_Exercise details_
Transcribe the entries below exactly; leave every image out.

_Record set_
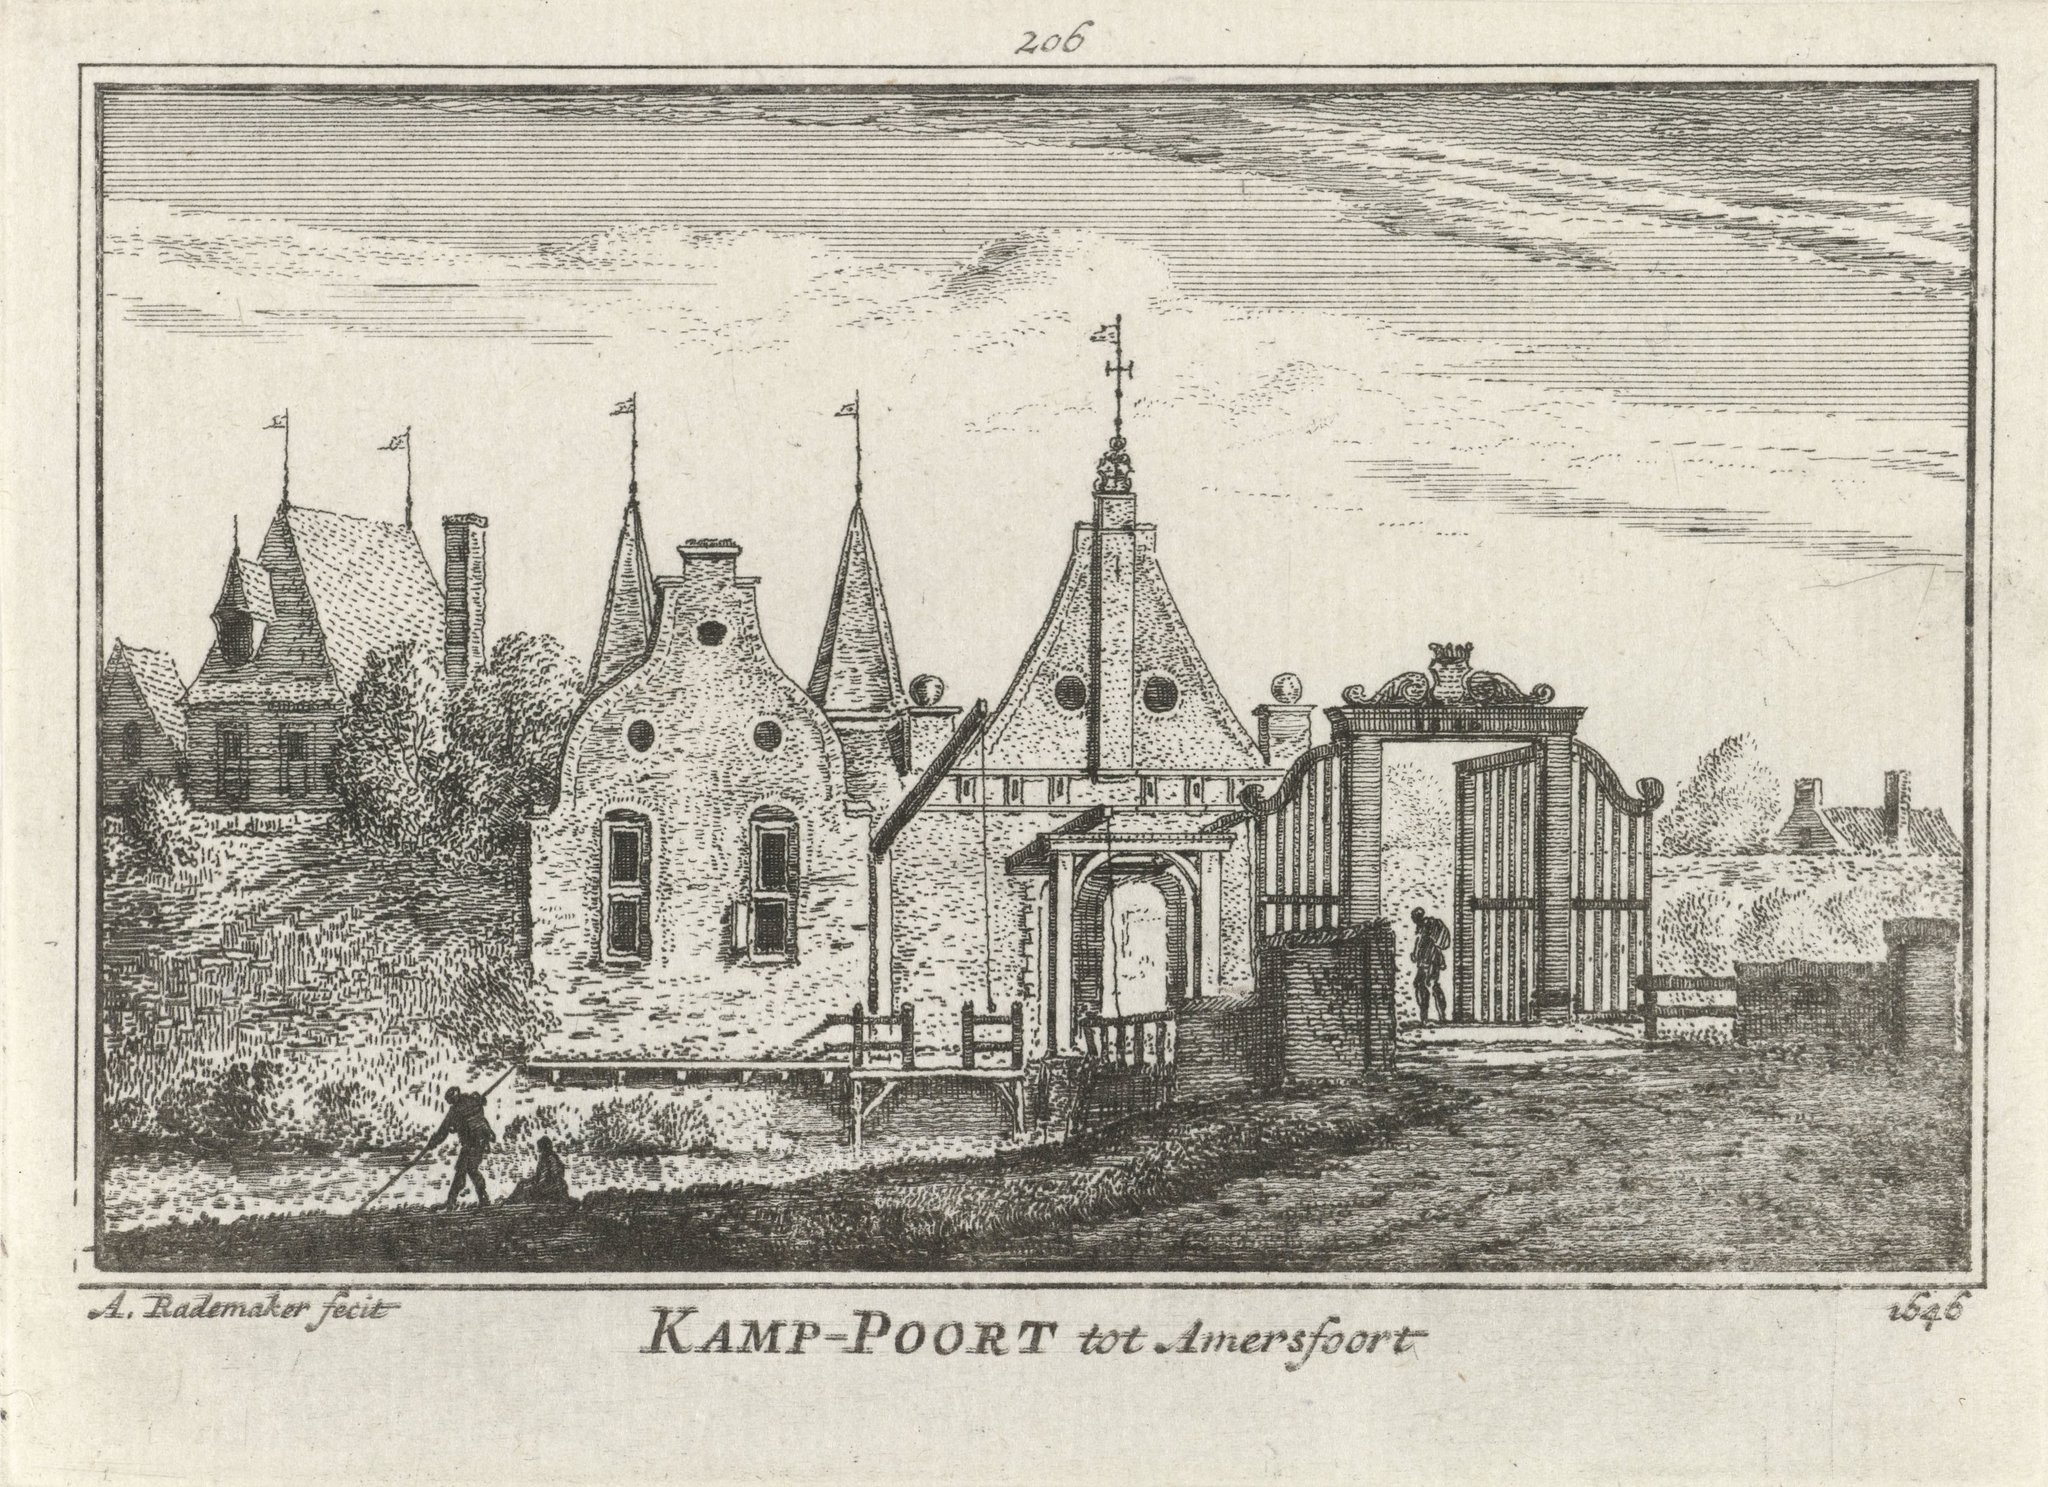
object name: print
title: Gezicht op de Kamperbuitenpoort te Amersfoort, 1646
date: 1727-1733
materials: paper
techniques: engraving, etching
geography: amsterdam
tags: city-gate
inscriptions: collector's mark: Lugt 2228
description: Illustratie uit: Abraham Rademaker, Matthaeus Brouërius van Niedek, Isaac Le Long, Kabinet van Nederlandsche en Kleefsche outheden en (...) voorname stads- en landgebouwen, Willem Barents en Antoni Schoonenburg: Amsterdam, 1727-1733, ill. nr. 206.
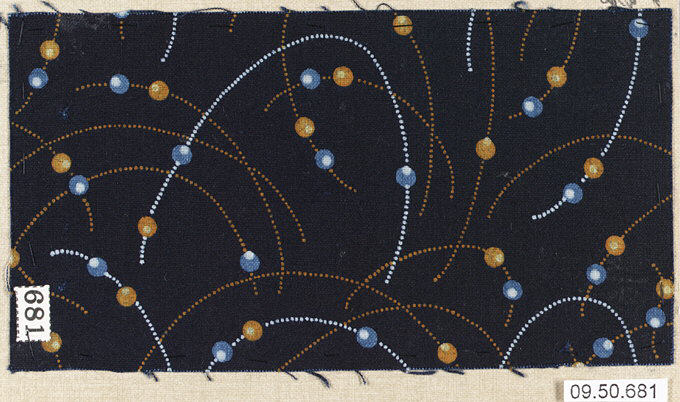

_Result for this task_
object name: print
title: Gezicht op de Kamperbuitenpoort te Amersfoort, 1646
date: 1727-1733
materials: paper
techniques: engraving, etching
geography: amsterdam
tags: city-gate
inscriptions: collector's mark: Lugt 2228
description: Illustratie uit: Abraham Rademaker, Matthaeus Brouërius van Niedek, Isaac Le Long, Kabinet van Nederlandsche en Kleefsche outheden en (...) voorname stads- en landgebouwen, Willem Barents en Antoni Schoonenburg: Amsterdam, 1727-1733, ill. nr. 206.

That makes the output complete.